Wyatt ground the pistol barrel under Sugarfoot’s jaw, cutting off his voice. The pressure on the ponytail forced Sugarfoot’s head back. The painting clattered onto the floor.
‘You want him to learn things?’ Wyatt said. He tugged hard on the ponytail in punctuation. ‘Here are some basic lessons. One, obey orders. Two, know your part. Three, no guns unless the job demands it. Four-’
He released the ponytail, stepped back, and raked the pistol across Sugarfoot’s face.
‘Stay out of this,’ he said, gesturing at Ivan again. He drove his knee into Sugarfoot’s groin, let him double over, then smacked the butt on the back of his neck. Sugarfoot collapsed, dry-retching.
Wyatt prodded with his foot. ‘Four, know your limitations. You’re a punk.’
He stepped back and pocketed the pistol.
Ivan Younger relaxed. ‘In other words,’ he said, ‘he fucked up.’

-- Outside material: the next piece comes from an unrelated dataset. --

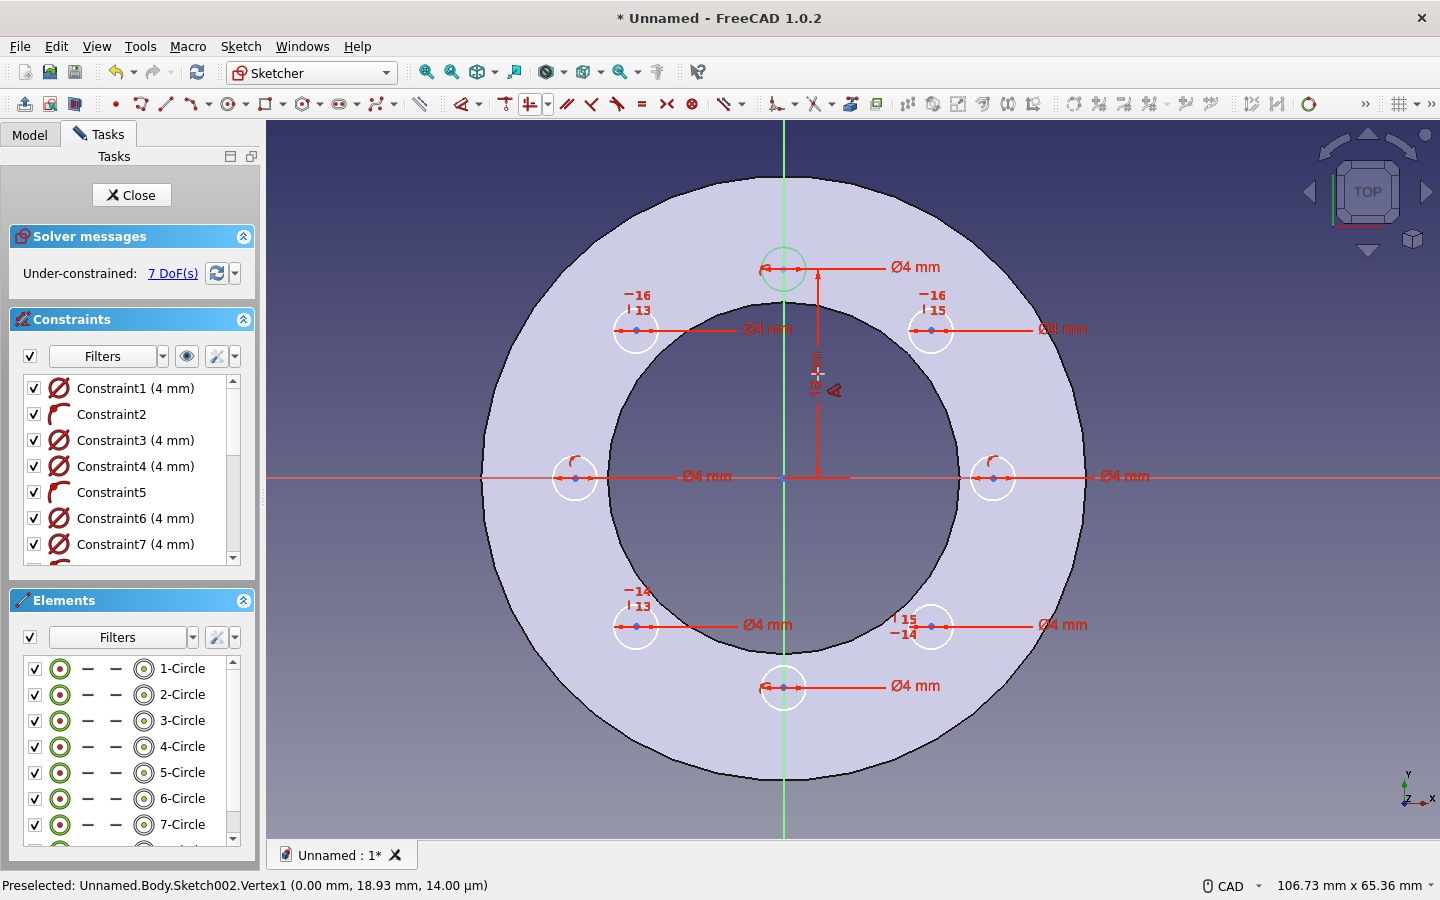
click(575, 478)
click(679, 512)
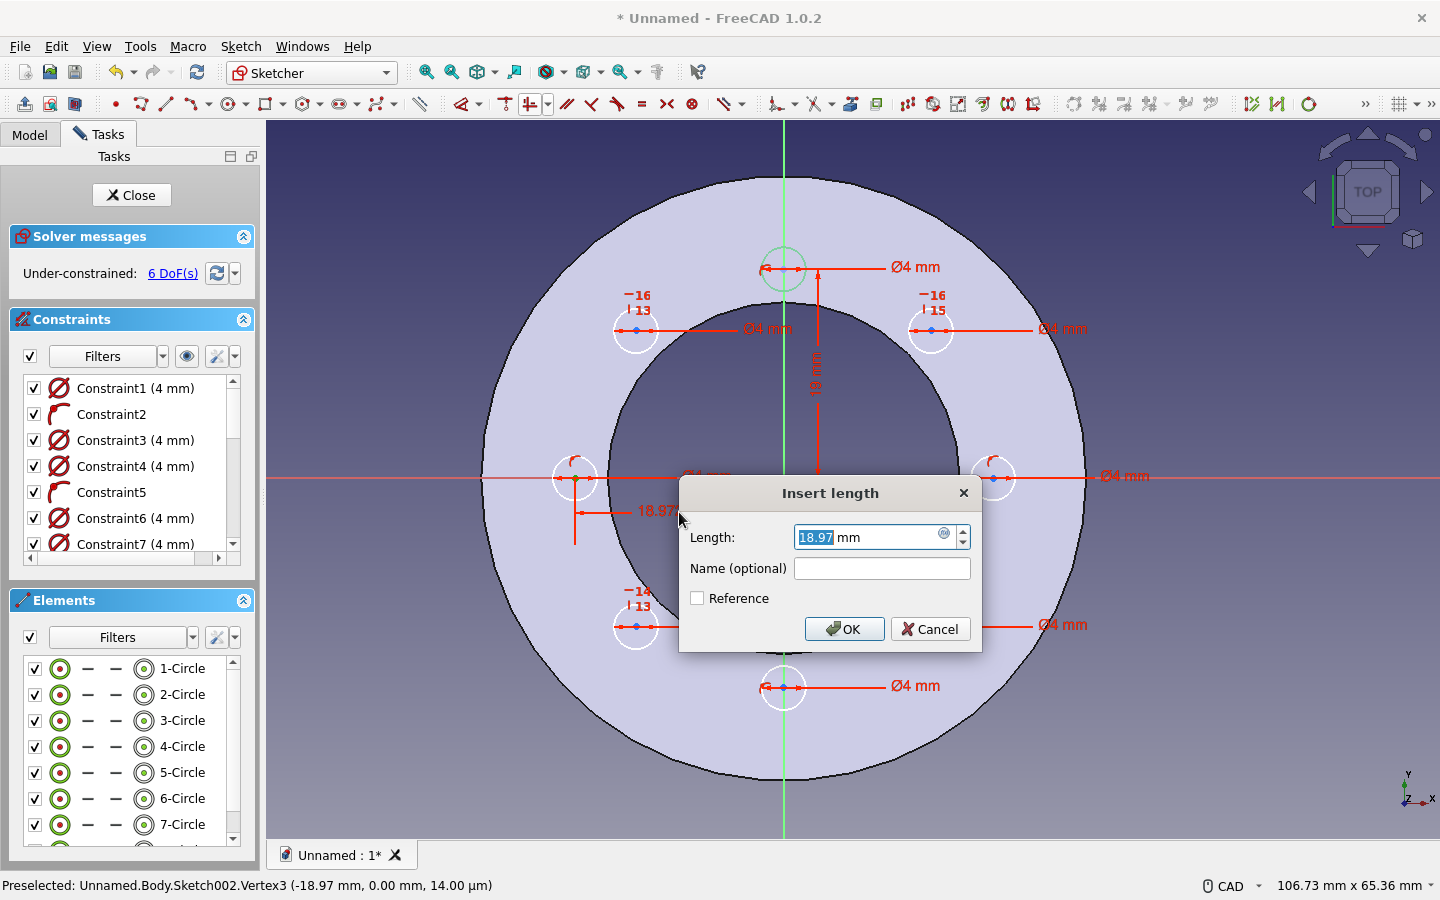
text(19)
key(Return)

It was an attempt at humour, but Wyatt took out the pistol again. ‘My five thousand.’
‘Fuck you.’
They stood and stared at each other. Wyatt thought about it. Stand-offs wasted time. He didn’t want the antagonism, and the longer he hung around here the riskier it would be. Still holding the pistol, he bent down and picked up the little painting and took it across to a deep stainless steel sink.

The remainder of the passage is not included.